L’ancien président Mauritanien Mohamed Ould Abdel Aziz avait tout fait pour que le Sénégal ne soit pas membre du G5 Sahel, parce qu’il avait peur d’une certaine prééminence sénégalaise dans l’organisation. Le nouveau président Mauritanien Ghazouani a convié le Président du Sénégal à la réunion du G5 à Ndjamena et tout fait pour que le Sénégal intègre l’organisation, parce qu’il est convaincu qu’il est un acteur incontournable sur le plan militaire. Beaucoup d’eau a coulé sous les ponts entre les positions de Aziz et de Ghazouani, mais pendant tout ce temps, le Sénégal a continué à blinder sa frontière et à se préparer à la guerre de l’Est contre les jihadistes. C’est la bonne attitude.
C’est la meilleure doctrine militaire qui a toujours sauvé l’Angleterre. Elle a été résumée par Lord Palmerson : «L’Angleterre n’a pas d’alliés ou d’ennemis permanents, la seule constante est de se donner les moyens de défendre l’île.» C’est cette doctrine qui a sauvé notre pays de la partition, car ayant permis à l’Armée de gagner la guerre en Casamance.
Aujourd’hui, la Gambie et la Guinée Bissau qui sont nos plus grands alliés dans la sous-région ont été les plus grands soutiens du Mfdc, qui utilisait ces pays comme base arrière en plus des armes mises à la disposition des maquisards. Cette constante qui consiste à nous donner les moyens de défendre notre territoire avec ou sans le soutien d’alliés doit être la règle dans la préparation de la guerre de l’Est.
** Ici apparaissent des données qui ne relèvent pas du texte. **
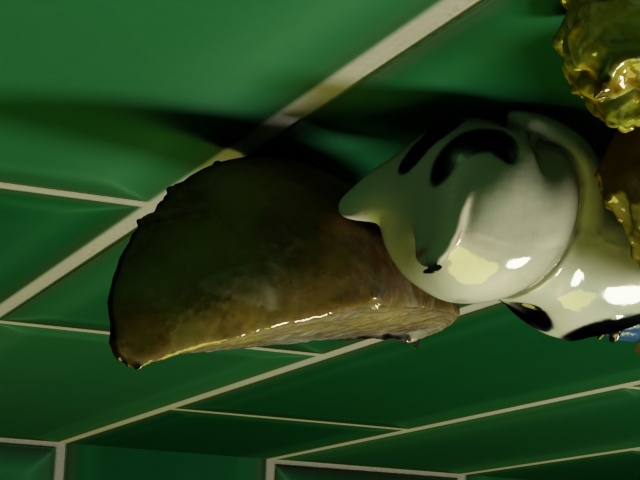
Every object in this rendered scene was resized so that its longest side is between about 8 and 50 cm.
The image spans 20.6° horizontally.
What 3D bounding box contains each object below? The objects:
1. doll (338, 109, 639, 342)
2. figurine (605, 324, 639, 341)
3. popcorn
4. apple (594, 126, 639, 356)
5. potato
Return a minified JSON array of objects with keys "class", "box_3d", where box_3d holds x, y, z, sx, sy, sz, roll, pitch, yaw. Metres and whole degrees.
[{"class":"doll","box_3d":[0.111,-0.009,0.925,0.181,0.107,0.110,19,-179,-36]},{"class":"figurine","box_3d":[0.239,0.026,1.125,0.149,0.087,0.086,-4,129,21]},{"class":"popcorn","box_3d":[0.127,-0.075,0.728,0.068,0.059,0.083,10,173,-31]},{"class":"apple","box_3d":[0.210,-0.002,0.820,0.147,0.156,0.158,-14,138,8]},{"class":"potato","box_3d":[0.003,-0.001,0.965,0.100,0.120,0.261,-18,169,38]}]
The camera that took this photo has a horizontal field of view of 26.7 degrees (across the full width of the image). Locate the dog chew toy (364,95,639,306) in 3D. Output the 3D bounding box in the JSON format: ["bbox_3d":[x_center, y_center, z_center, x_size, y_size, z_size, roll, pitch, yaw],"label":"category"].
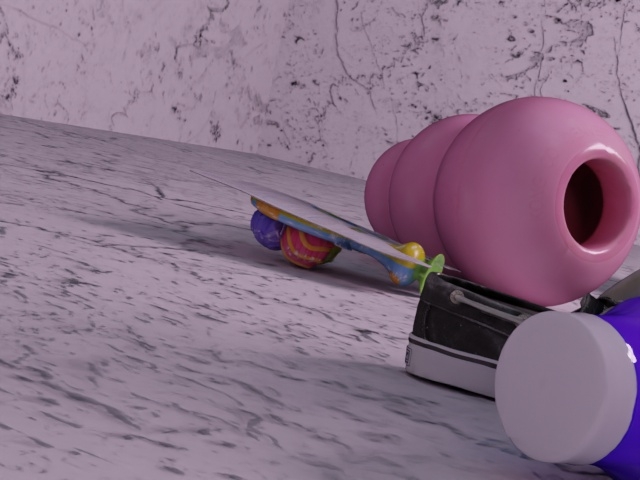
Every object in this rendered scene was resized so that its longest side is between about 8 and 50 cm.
[{"bbox_3d":[0.167,-0.041,1.388,0.207,0.206,0.332,9,-2,-33],"label":"dog chew toy"}]

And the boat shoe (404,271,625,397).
[{"bbox_3d":[0.162,0.068,0.795,0.219,0.070,0.078,13,5,4],"label":"boat shoe"}]

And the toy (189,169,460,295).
[{"bbox_3d":[0.000,0.000,1.256,0.237,0.056,0.137,20,4,23],"label":"toy"}]

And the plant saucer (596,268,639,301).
[{"bbox_3d":[0.445,0.025,1.193,0.401,0.100,0.400,-20,-11,-4],"label":"plant saucer"}]

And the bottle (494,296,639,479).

Ce qui fait de notre appartenance ou pas au G5 Sahel une simple variable. Si on y entre, allons-y avec les moyens de défendre notre territoire même si nos alliés sont défaillants. La débâcle de la France en juin 40 n’a pas empêché à l’Angleterre de faire face à l’armada nazie, lors des batailles d’Angleterre ou de l’Atlantique. Malgré la mise au pas par Napoléon Bonaparte de toute l’Europe continentale, la petite Angleterre s’est donné les moyens de résister et même de renverser la tendance en mettant fin au «règne du Dieu de la guerre» à Waterloo.
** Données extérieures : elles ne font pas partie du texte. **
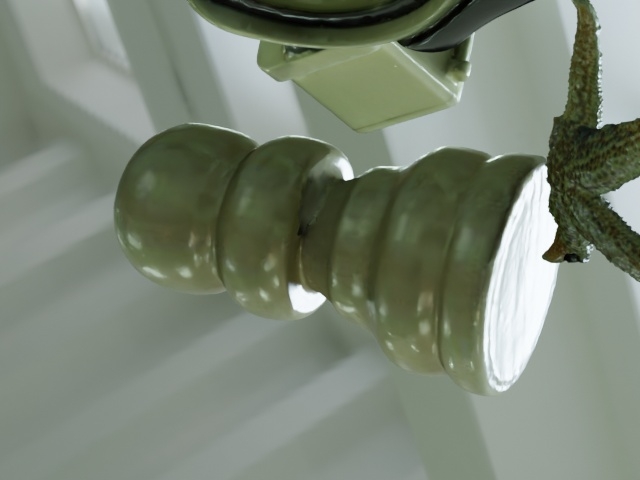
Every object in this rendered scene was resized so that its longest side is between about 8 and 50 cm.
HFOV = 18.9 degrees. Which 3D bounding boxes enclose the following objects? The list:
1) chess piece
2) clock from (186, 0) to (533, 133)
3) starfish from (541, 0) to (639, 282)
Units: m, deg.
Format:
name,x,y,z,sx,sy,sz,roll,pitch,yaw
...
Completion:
name,x,y,z,sx,sy,sz,roll,pitch,yaw
chess piece,0.000,0.000,1.304,0.299,0.167,0.167,10,-141,22
clock,0.092,-0.168,0.845,0.379,0.276,0.120,-10,-125,40
starfish,0.158,-0.053,1.100,0.053,0.176,0.208,-8,-173,-17
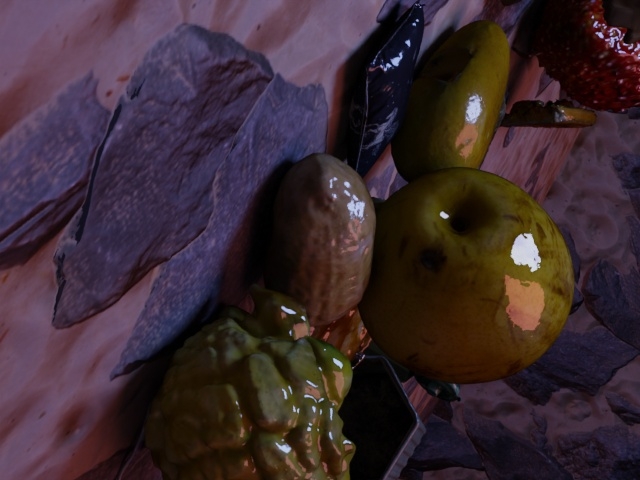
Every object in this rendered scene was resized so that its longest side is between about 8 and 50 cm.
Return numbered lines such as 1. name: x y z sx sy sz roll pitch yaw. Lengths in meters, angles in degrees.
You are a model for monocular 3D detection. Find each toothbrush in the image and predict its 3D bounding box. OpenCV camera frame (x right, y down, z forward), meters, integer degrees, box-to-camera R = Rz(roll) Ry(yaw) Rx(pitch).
1. toothbrush: -0.207 0.231 1.143 0.131 0.013 0.011 -67 168 14

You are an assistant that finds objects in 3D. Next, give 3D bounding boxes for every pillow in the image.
1. pillow: 0.074 -0.169 1.220 0.208 0.055 0.141 98 18 -55

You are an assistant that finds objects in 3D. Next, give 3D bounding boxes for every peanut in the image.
1. peanut: 0.000 0.000 1.164 0.129 0.129 0.224 -45 157 -41

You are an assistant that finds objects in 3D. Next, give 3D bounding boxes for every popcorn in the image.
1. popcorn: -0.072 0.192 1.119 0.258 0.224 0.270 -80 177 -65

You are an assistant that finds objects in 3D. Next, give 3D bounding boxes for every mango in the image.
1. mango: 0.181 -0.185 1.379 0.167 0.130 0.262 95 20 -56

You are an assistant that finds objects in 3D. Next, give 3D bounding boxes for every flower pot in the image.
1. flower pot: 0.052 0.304 1.702 0.189 0.239 0.209 59 31 -74

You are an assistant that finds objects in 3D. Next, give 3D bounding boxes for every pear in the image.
1. pear: 0.176 0.045 1.272 0.281 0.280 0.281 -53 163 -24

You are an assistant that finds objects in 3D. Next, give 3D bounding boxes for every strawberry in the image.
1. strawberry: 0.490 -0.366 1.852 0.343 0.292 0.292 -3 125 -43

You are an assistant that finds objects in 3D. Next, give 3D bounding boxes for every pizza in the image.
1. pizza: 0.426 -0.244 1.962 0.201 0.193 0.053 -7 98 -67

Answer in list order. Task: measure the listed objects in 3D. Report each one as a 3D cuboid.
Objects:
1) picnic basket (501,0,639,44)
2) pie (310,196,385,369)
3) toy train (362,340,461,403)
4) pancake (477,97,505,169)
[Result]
1. picnic basket: 0.429 -0.436 1.472 0.321 0.291 0.254 -15 -159 41
2. pie: 0.012 0.083 1.422 0.315 0.092 0.315 -47 155 -30
3. toy train: 0.192 0.148 1.799 0.167 0.238 0.299 -51 164 -30
4. pancake: 0.271 -0.157 1.866 0.254 0.037 0.254 -53 162 -25
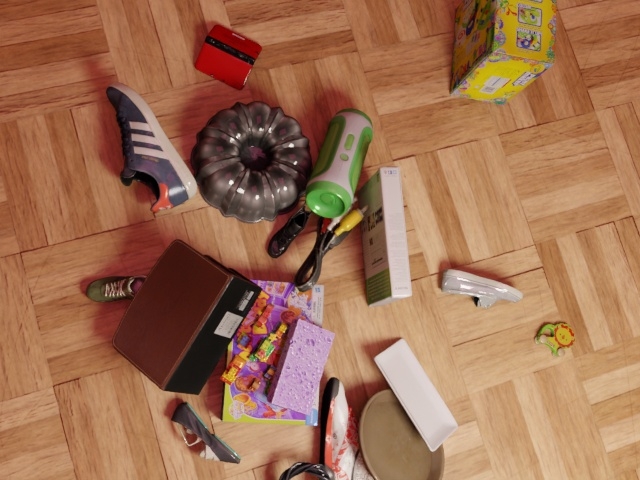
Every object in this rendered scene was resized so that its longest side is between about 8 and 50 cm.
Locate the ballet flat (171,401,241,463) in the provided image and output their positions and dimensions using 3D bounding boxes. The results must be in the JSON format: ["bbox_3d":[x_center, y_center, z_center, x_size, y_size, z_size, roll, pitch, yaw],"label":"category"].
[{"bbox_3d":[-0.282,0.478,1.721,0.203,0.074,0.074,44,74,6],"label":"ballet flat"}]

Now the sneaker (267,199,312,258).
[{"bbox_3d":[-0.075,-0.031,1.852,0.051,0.089,0.170,38,74,-2],"label":"sneaker"}]

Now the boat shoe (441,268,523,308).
[{"bbox_3d":[0.432,0.141,1.938,0.227,0.079,0.081,16,86,-3],"label":"boat shoe"}]

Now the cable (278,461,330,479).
[{"bbox_3d":[-0.038,0.614,1.718,0.150,0.047,0.185,32,104,6],"label":"cable"}]

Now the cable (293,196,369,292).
[{"bbox_3d":[0.000,0.000,1.825,0.287,0.139,0.072,-49,131,-25],"label":"cable"}]

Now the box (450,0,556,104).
[{"bbox_3d":[0.496,-0.567,1.971,0.176,0.290,0.279,8,79,-10],"label":"box"}]

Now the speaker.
[{"bbox_3d":[0.051,-0.202,1.850,0.131,0.131,0.297,23,54,-7],"label":"speaker"}]

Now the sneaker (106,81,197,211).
[{"bbox_3d":[-0.459,-0.228,1.787,0.148,0.131,0.350,-34,88,-20],"label":"sneaker"}]

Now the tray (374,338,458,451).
[{"bbox_3d":[0.239,0.394,1.833,0.145,0.030,0.270,-22,77,-50],"label":"tray"}]

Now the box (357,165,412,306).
[{"bbox_3d":[0.159,-0.002,1.821,0.058,0.232,0.322,-1,80,-11],"label":"box"}]

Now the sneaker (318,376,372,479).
[{"bbox_3d":[0.077,0.479,1.787,0.144,0.090,0.270,5,82,-12],"label":"sneaker"}]

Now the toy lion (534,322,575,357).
[{"bbox_3d":[0.653,0.266,1.979,0.100,0.034,0.096,35,67,-3],"label":"toy lion"}]

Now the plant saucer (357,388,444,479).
[{"bbox_3d":[0.195,0.506,1.770,0.277,0.041,0.278,22,50,-29],"label":"plant saucer"}]

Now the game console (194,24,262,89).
[{"bbox_3d":[-0.249,-0.499,1.946,0.144,0.085,0.124,25,44,-7],"label":"game console"}]

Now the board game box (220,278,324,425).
[{"bbox_3d":[-0.119,0.278,1.788,0.233,0.078,0.347,5,78,-11],"label":"board game box"}]

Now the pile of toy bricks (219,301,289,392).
[{"bbox_3d":[-0.141,0.258,1.691,0.118,0.105,0.212,34,75,-4],"label":"pile of toy bricks"}]

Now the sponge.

C’est du bon sens stratégique, car compter d’abord sur soi et refuser de sous-traiter sa sécurité permet de faire face à tous les scénarii, même les plus catastrophiques. Le Sénégal doit travailler à l’hypothèse de l’effondrement du Mali, avec des hordes jihadistes à Kayes, voulant continuer leur marche vers l’Atlantique. On doit travailler à l’hypothèse d’un retrait de la France, dont l’engagement au Mali nous a donné un sursis stratégique face aux jihadistes.
La plus grande implication de Tchad (1 200 hommes) est le signe annonciateur du retrait progressif de la France qui veut africaniser la lutte, comme les Américains ont à un certain moment vietnamisé la guerre du Vietnam pour se retirer. De toute façon, le départ de la France est juste une question de temps qui joue en faveur des jihadistes. Il interviendra soit à la suite d’une alternance politique en France ou d’une exigence de l’opinion après un attentat comme celui du Drakkar à Beyrouth.
Pour la France, le Mali est peut-être un problème de politique extérieure, mais pour nous c’est un problème de sécurité nationale, car si le Mali tombe, nous sommes la prochaine cible et nous serons en première ligne face à des jihadistes qui rêvent déjà de tremper leurs pieds dans l’Atlantique.
Le Tchad renforce sa présence pour, entre autres, les beaux yeux de Marianne, mais pour le Sénégal, c’est pour notre propre sécurité. C’est pourquoi nous devons nous donner les moyens de défendre notre territoire, mais aussi aider le Mali, le Tchad et la France à fixer les jihadistes sur place, car mieux vaut les combattre à Kidal qu’à Kidira.